NameError: name 'final_state' is not defined

**Discussion of the Output:**
The results are a perfect illustration of the power of reflection.

1.  The **Initial Draft** likely produced a simple, recursive solution. While correct, this approach is notoriously inefficient due to re-calculating the same values repeatedly, leading to exponential time complexity.
2.  The **Critique** correctly identified this major flaw. The LLM, in its 'critic' role, pointed out the inefficiency and suggested a more optimal, iterative approach to avoid redundant calculations.
3.  The **Final Refined Code** successfully implemented the critique. It replaced the slow recursive function with a much faster iterative solution that uses a loop and two variables to keep track of the sequence.

This is a non-trivial improvement. The agent didn't just fix a typo; it fundamentally changed its algorithm for a more robust and scalable solution. This is the value of the reflection pattern.

### Step 3.3: Quantitative Evaluation (LLM-as-a-Judge)
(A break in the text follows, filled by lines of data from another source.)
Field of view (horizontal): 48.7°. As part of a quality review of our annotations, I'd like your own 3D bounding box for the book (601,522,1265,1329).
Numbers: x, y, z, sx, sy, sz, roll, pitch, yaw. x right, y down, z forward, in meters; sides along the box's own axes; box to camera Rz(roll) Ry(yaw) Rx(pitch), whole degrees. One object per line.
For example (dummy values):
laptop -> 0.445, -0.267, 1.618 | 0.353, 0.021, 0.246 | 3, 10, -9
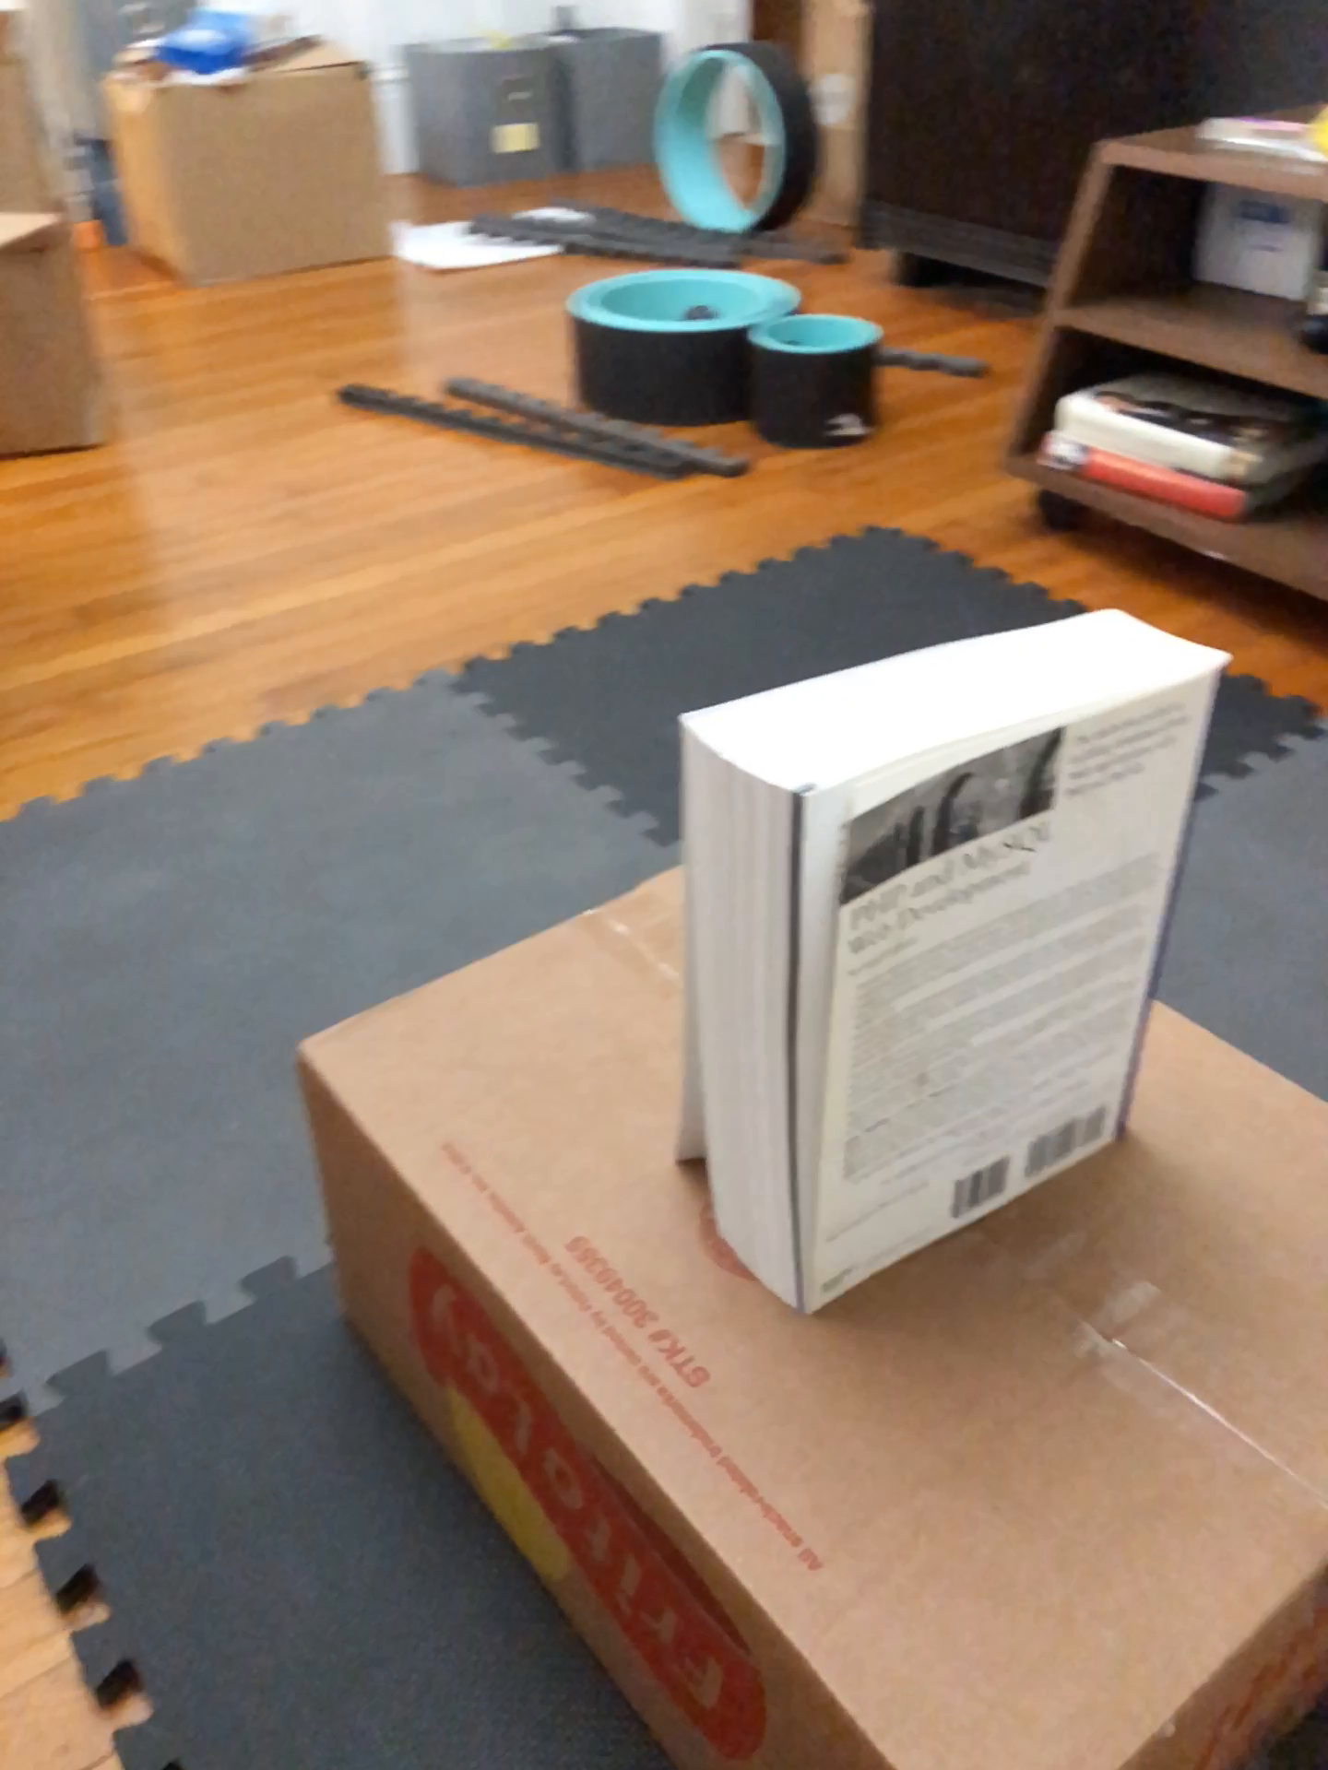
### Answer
book -> 0.092, 0.017, 0.558 | 0.200, 0.258, 0.090 | -14, 35, -18

**What we are going to do:**
To formalize our analysis, we will use another LLM as an impartial 'judge' to score the quality of the initial draft versus the final code. This provides a more objective measure of the improvement gained through reflection.

In [None]:
class CodeEvaluation(BaseModel):
    """Schema for evaluating a piece of code."""
    correctness_score: int = Field(description="Score from 1-10 on whether the code is logically correct.")
    efficiency_score: int = Field(description="Score from 1-10 on the code's algorithmic efficiency.")
    style_score: int = Field(description="Score from 1-10 on code style and readability (PEP 8). ")
    justification: str = Field(description="A brief justification for the scores.")

judge_llm = llm.with_structured_output(CodeEvaluation)

def evaluate_code(code_to_evaluate: str):
    prompt = f"""You are an expert judge of Python code. Evaluate the following function on a scale of 1-10 for correctness, efficiency, and style. Provide a brief justification.

    Code:
    ```python
    {code_to_evaluate}
    ```
    """
    return judge_llm.invoke(prompt)

if final_state and 'draft' in final_state and 'refined_code' in final_state:
    console.print("--- Evaluating Initial Draft ---")
    initial_draft_evaluation = evaluate_code(final_state['draft']['code'])
    console.print(initial_draft_evaluation.model_dump()) # Corrected: use .model_dump()

    console.print("\n--- Evaluating Refined Code ---")
    refined_code_evaluation = evaluate_code(final_state['refined_code']['refined_code'])
    console.print(refined_code_evaluation.model_dump()) # Corrected: use .model_dump()
else:
    console.print("[bold red]Error: Cannot perform evaluation because the `final_state` is incomplete.[/bold red]")

**Discussion of the Output:**
The LLM-as-a-Judge evaluation provides quantitative evidence of the reflection pattern's success. The initial draft likely received a high score for correctness but a very low score for efficiency. In contrast, the refined code would have scored highly on both correctness and efficiency. This automated, scored evaluation confirms that the reflection process didn't just change the code—it demonstrably *improved* it in a measurable way.

## Conclusion

In this notebook, we have successfully built, executed, and evaluated a complete, end-to-end agent using the **Reflection** architecture with Nebius AI Studio models. We have seen firsthand how this simple yet powerful pattern can transform a basic LLM generator into a more sophisticated and reliable problem-solver.

By structuring the process into distinct **Generate**, **Critique**, and **Refine** steps and orchestrating them with LangGraph, we created a robust system that can identify and correct its own significant flaws. The tangible improvement—from an inefficient recursive solution to an optimal iterative one—demonstrates that reflection is a foundational technique for moving beyond trivial agentic tasks and building AI systems that exhibit a deeper level of quality and deliberation.